I am fortunate to have a wonderful group of fellows helping me in our various quests to unveil many-body entanglement! We named ourselves QuCoA 🍫, a title inspired by my passion for quantum correlations and the need to make a joke about my addiction to chocolate. Together, we are working 🦾 to answer questions that remain open in the many-body problem. Some of them are fundamental; others are driven simply by curiosity. Nonetheless, exploring them may help advance quantum sciences. So, wouldn’t you be tempted?

Personal self

Beyond my professional life, I enjoy drawing 👩🏻‍🎨, swimming 🏊🏻‍♀️, traveling 🧳, baking 🍰, attending heavy metal festivals 🎸, and I have a fondness for cats 🐈 and ice cream 🍦(actually gelato 😉).

If you attend one of my talks or lectures, you will see that am a big fan of Bitmojis! And, if you come over to visit me in São Carlos, it is very likely that you will be indulged with brigadeiros 🍬.

Brigadeiros

For those not familiar with this Brazilian delicacy, a nice definition is: brigadeiros are a strongly correlated state of cocoa and condensed milk. Are they entangled?

Well, to answer that question, one first has to build a minimal model for this system, including the preparation protocol. Let's make it a quantum thermodynamics problem. We start with the hamiltonian.

$$ H_{\textrm{brigadeiro}}(t) = H_{\textrm{cond-milk}} + H_{\textrm{cocoa}} + H_{\textrm{heat-bath}} + H_{\textrm{stirring}}(t), $$ where the first two terms contain all the degrees of freedom required to describe the system (sugar + milk and pure cocoa powder) before and after turning into brigadeiro.
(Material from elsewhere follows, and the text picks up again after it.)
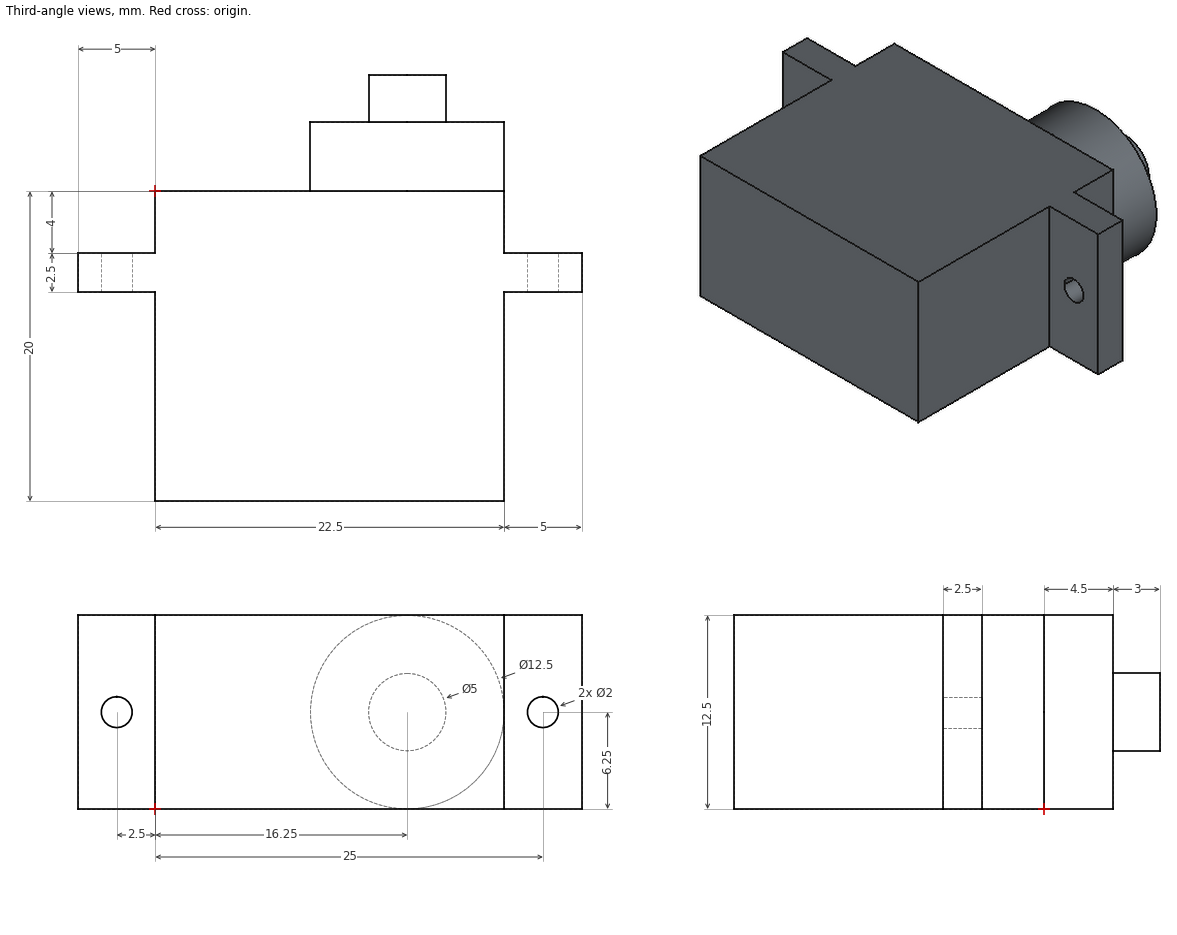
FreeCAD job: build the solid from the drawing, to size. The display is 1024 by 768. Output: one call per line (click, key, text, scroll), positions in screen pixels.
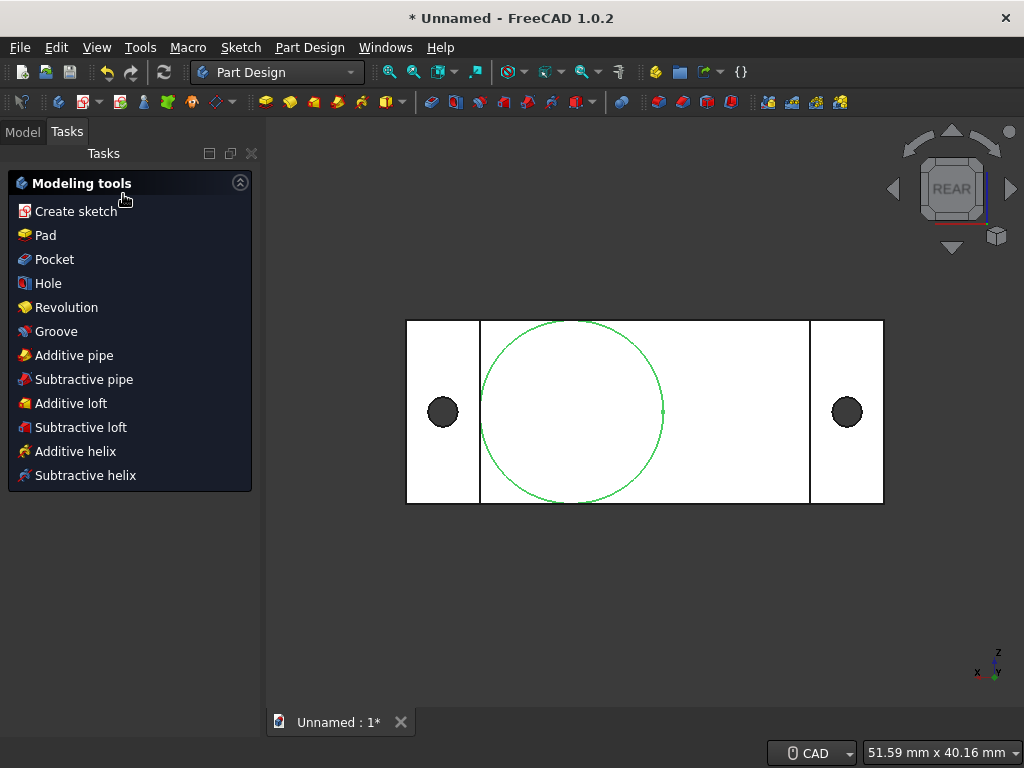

The third describes the heat bath which provides energy necessary for condensation, while the last is the external time-dependent drive associated with stirring, which both couples milk and cocoa and assists the transfer of heat.

If we know the initial state of the system -condensed milk+cocoa powder+bath- we have all the ingredients (🥁) and instructions to solve this problem. It is reasonable to assume that the state of the heat bath remains unchanged during the process. Of course, a more accurate description should include additional effects of the oven, the pan, etc, etc. But let's keep it simple.

One can then derive a master equation for the mixture (cocoa + condensed milk). Suppose that the effective dynamics is described by the Liouvillian master equation

$$\frac{d \rho_m}{dt} =\mathcal{L}_B\rho_m$$

where the state that appears represents the instantaneous state of the mixture.

By solving this equation and finding the steady-state -my beloved brigadeiro phase- one can determine whether condensed milk and cocoa are indeed entangled at the end of the preparation process. Just pick a suitable measure of entanglement for mixed states and see for yourself!

A possible future direction is to explore whether the Mpemba effect could accelerate the preparation of the brigadeiro phase. Maybe a variational quantum algorithm could provide an optimal protocol for the stirring control.